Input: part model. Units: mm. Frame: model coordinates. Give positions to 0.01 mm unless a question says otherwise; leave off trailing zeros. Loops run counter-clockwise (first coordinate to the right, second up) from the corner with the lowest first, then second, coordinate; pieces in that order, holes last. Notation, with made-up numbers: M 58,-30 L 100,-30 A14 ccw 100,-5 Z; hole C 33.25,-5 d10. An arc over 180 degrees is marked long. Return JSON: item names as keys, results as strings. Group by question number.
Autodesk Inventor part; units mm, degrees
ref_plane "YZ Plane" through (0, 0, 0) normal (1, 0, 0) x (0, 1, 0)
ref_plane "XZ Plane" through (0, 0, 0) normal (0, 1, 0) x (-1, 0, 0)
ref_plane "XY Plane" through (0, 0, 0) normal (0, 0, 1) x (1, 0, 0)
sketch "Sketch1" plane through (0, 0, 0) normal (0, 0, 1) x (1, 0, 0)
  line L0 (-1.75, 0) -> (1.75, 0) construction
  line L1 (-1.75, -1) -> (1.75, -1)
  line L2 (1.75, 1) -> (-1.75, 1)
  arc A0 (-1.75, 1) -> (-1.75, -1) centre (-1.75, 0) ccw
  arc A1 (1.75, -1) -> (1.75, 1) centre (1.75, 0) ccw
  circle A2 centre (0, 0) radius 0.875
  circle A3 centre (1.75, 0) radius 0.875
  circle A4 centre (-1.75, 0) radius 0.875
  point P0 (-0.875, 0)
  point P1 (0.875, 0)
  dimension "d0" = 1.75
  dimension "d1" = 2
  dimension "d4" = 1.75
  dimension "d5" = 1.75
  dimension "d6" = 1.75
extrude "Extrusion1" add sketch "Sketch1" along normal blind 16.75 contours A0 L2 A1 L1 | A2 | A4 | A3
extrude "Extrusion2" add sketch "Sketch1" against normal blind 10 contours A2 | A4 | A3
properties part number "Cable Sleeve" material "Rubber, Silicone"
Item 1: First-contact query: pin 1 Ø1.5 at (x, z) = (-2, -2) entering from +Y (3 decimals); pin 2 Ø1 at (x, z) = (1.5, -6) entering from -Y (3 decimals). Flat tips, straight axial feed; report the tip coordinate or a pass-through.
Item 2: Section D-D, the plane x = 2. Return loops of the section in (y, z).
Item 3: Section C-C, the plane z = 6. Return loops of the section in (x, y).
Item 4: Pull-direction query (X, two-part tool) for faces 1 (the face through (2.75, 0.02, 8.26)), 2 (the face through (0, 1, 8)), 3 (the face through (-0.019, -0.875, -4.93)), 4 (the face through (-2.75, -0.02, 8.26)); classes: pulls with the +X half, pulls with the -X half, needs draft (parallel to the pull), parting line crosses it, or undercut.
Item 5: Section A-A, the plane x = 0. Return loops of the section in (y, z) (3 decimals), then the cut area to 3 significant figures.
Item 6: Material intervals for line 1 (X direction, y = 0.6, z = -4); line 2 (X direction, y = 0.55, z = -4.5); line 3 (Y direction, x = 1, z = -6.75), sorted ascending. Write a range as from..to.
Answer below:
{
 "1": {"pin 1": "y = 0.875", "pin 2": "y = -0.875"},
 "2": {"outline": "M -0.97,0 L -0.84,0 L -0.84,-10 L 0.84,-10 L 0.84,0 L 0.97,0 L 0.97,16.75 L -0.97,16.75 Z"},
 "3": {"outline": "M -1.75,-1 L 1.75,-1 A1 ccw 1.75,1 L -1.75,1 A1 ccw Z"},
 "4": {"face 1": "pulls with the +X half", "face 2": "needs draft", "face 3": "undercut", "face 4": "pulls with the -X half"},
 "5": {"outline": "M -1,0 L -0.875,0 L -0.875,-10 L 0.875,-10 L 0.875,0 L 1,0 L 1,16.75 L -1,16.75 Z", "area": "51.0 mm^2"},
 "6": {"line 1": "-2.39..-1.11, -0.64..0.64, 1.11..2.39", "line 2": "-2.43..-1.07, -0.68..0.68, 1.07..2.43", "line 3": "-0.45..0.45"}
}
********
### Directions
Output the listing above without altering a single character.

### Answer section
Input: part model. Units: mm. Frame: model coordinates. Give positions to 0.01 mm unless a question says otherwise; leave off trailing zeros. Loops run counter-clockwise (first coordinate to the right, second up) from the corner with the lowest first, then second, coordinate; pieces in that order, holes last. Notation, with made-up numbers: M 58,-30 L 100,-30 A14 ccw 100,-5 Z; hole C 33.25,-5 d10. An arc over 180 degrees is marked long. Return JSON: item names as keys, results as strings. Group by question number.
Autodesk Inventor part; units mm, degrees
ref_plane "YZ Plane" through (0, 0, 0) normal (1, 0, 0) x (0, 1, 0)
ref_plane "XZ Plane" through (0, 0, 0) normal (0, 1, 0) x (-1, 0, 0)
ref_plane "XY Plane" through (0, 0, 0) normal (0, 0, 1) x (1, 0, 0)
sketch "Sketch1" plane through (0, 0, 0) normal (0, 0, 1) x (1, 0, 0)
  line L0 (-1.75, 0) -> (1.75, 0) construction
  line L1 (-1.75, -1) -> (1.75, -1)
  line L2 (1.75, 1) -> (-1.75, 1)
  arc A0 (-1.75, 1) -> (-1.75, -1) centre (-1.75, 0) ccw
  arc A1 (1.75, -1) -> (1.75, 1) centre (1.75, 0) ccw
  circle A2 centre (0, 0) radius 0.875
  circle A3 centre (1.75, 0) radius 0.875
  circle A4 centre (-1.75, 0) radius 0.875
  point P0 (-0.875, 0)
  point P1 (0.875, 0)
  dimension "d0" = 1.75
  dimension "d1" = 2
  dimension "d4" = 1.75
  dimension "d5" = 1.75
  dimension "d6" = 1.75
extrude "Extrusion1" add sketch "Sketch1" along normal blind 16.75 contours A0 L2 A1 L1 | A2 | A4 | A3
extrude "Extrusion2" add sketch "Sketch1" against normal blind 10 contours A2 | A4 | A3
properties part number "Cable Sleeve" material "Rubber, Silicone"
Item 1: First-contact query: pin 1 Ø1.5 at (x, z) = (-2, -2) entering from +Y (3 decimals); pin 2 Ø1 at (x, z) = (1.5, -6) entering from -Y (3 decimals). Flat tips, straight axial feed; report the tip coordinate or a pass-through.
Item 2: Section D-D, the plane x = 2. Return loops of the section in (y, z).
Item 3: Section C-C, the plane z = 6. Return loops of the section in (x, y).
Item 4: Pull-direction query (X, two-part tool) for faces 1 (the face through (2.75, 0.02, 8.26)), 2 (the face through (0, 1, 8)), 3 (the face through (-0.019, -0.875, -4.93)), 4 (the face through (-2.75, -0.02, 8.26)); classes: pulls with the +X half, pulls with the -X half, needs draft (parallel to the pull), parting line crosses it, or undercut.
Item 5: Section A-A, the plane x = 0. Return loops of the section in (y, z) (3 decimals), then the cut area to 3 significant figures.
Item 6: Material intervals for line 1 (X direction, y = 0.6, z = -4); line 2 (X direction, y = 0.55, z = -4.5); line 3 (Y direction, x = 1, z = -6.75), sorted ascending. Write a range as from..to.
Answer below:
{
 "1": {"pin 1": "y = 0.875", "pin 2": "y = -0.875"},
 "2": {"outline": "M -0.97,0 L -0.84,0 L -0.84,-10 L 0.84,-10 L 0.84,0 L 0.97,0 L 0.97,16.75 L -0.97,16.75 Z"},
 "3": {"outline": "M -1.75,-1 L 1.75,-1 A1 ccw 1.75,1 L -1.75,1 A1 ccw Z"},
 "4": {"face 1": "pulls with the +X half", "face 2": "needs draft", "face 3": "undercut", "face 4": "pulls with the -X half"},
 "5": {"outline": "M -1,0 L -0.875,0 L -0.875,-10 L 0.875,-10 L 0.875,0 L 1,0 L 1,16.75 L -1,16.75 Z", "area": "51.0 mm^2"},
 "6": {"line 1": "-2.39..-1.11, -0.64..0.64, 1.11..2.39", "line 2": "-2.43..-1.07, -0.68..0.68, 1.07..2.43", "line 3": "-0.45..0.45"}
}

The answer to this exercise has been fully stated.